Task description ▸ Starting at the line with "for points in", repeat every line exactly until the records end, including the last one.

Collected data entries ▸

__________

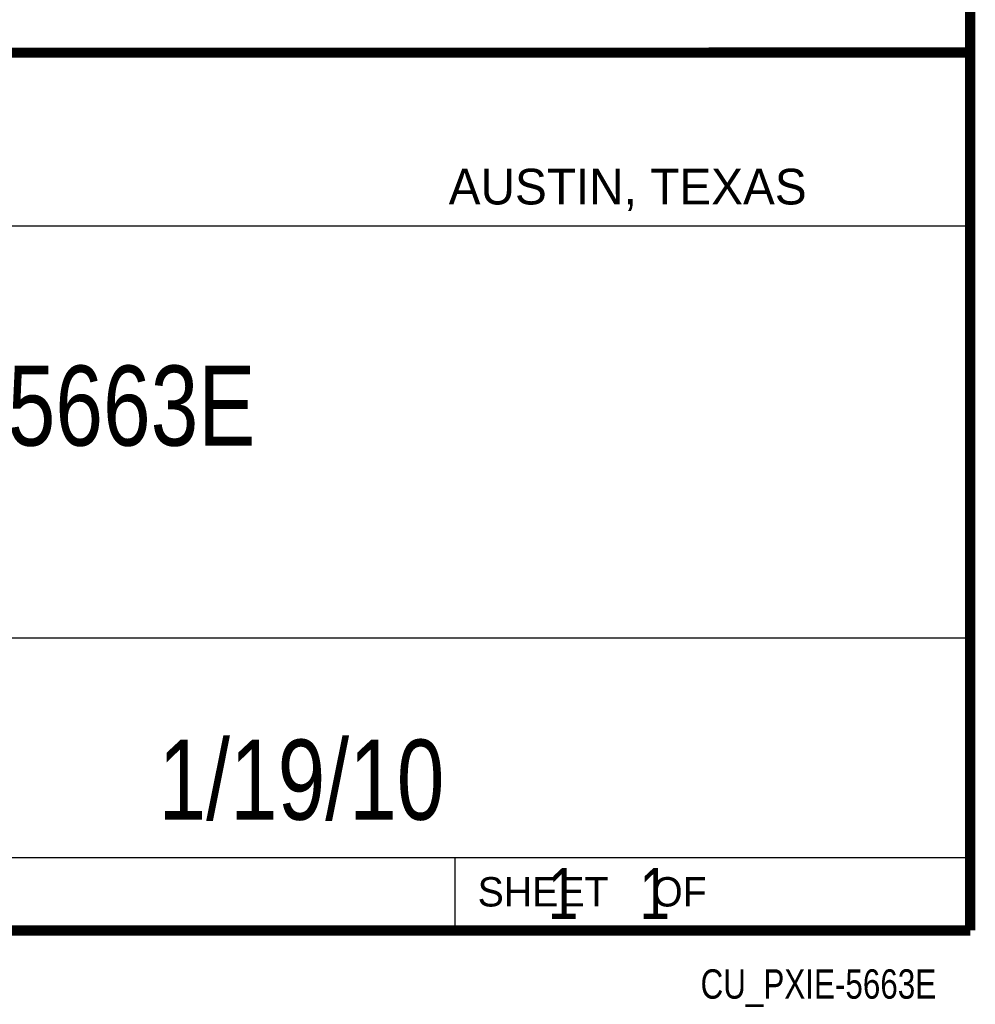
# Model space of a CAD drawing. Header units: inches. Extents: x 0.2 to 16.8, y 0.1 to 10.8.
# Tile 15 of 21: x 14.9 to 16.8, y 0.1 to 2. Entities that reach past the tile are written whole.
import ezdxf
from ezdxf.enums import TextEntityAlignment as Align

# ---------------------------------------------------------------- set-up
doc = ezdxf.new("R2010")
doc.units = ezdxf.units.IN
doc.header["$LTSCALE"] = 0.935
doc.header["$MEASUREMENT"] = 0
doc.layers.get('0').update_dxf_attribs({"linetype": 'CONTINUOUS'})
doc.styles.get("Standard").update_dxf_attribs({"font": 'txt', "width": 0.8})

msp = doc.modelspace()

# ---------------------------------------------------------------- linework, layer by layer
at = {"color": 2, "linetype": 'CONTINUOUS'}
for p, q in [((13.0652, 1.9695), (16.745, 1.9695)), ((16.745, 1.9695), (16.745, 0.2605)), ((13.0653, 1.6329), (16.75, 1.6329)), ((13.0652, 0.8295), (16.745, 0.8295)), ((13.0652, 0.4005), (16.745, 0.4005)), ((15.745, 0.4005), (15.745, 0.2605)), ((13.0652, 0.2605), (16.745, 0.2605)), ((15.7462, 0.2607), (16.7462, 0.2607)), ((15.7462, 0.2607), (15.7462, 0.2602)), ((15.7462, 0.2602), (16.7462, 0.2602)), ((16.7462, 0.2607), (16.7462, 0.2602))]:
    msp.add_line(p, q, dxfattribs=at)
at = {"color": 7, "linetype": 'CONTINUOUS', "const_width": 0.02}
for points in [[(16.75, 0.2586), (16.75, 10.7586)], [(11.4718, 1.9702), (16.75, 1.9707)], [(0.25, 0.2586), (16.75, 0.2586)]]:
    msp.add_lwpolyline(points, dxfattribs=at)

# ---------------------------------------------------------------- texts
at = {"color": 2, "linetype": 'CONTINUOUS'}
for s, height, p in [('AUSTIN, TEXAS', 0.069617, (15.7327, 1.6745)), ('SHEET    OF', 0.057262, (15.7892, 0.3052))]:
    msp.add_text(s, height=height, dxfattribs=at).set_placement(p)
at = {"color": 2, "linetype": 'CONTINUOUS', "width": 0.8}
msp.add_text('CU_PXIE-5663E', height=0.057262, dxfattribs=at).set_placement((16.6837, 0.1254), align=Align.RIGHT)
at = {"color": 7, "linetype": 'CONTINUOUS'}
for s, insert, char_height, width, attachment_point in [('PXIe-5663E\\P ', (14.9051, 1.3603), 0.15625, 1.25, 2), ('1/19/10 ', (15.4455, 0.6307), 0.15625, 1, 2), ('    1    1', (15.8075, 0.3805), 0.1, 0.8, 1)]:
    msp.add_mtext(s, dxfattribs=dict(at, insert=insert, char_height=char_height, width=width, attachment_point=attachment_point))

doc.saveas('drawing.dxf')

__________

Result for this exercise ▸
for points in [[(16.75, 0.2586), (16.75, 10.7586)], [(11.4718, 1.9702), (16.75, 1.9707)], [(0.25, 0.2586), (16.75, 0.2586)]]:
    msp.add_lwpolyline(points, dxfattribs=at)

# ---------------------------------------------------------------- texts
at = {"color": 2, "linetype": 'CONTINUOUS'}
for s, height, p in [('AUSTIN, TEXAS', 0.069617, (15.7327, 1.6745)), ('SHEET    OF', 0.057262, (15.7892, 0.3052))]:
    msp.add_text(s, height=height, dxfattribs=at).set_placement(p)
at = {"color": 2, "linetype": 'CONTINUOUS', "width": 0.8}
msp.add_text('CU_PXIE-5663E', height=0.057262, dxfattribs=at).set_placement((16.6837, 0.1254), align=Align.RIGHT)
at = {"color": 7, "linetype": 'CONTINUOUS'}
for s, insert, char_height, width, attachment_point in [('PXIe-5663E\\P ', (14.9051, 1.3603), 0.15625, 1.25, 2), ('1/19/10 ', (15.4455, 0.6307), 0.15625, 1, 2), ('    1    1', (15.8075, 0.3805), 0.1, 0.8, 1)]:
    msp.add_mtext(s, dxfattribs=dict(at, insert=insert, char_height=char_height, width=width, attachment_point=attachment_point))

doc.saveas('drawing.dxf')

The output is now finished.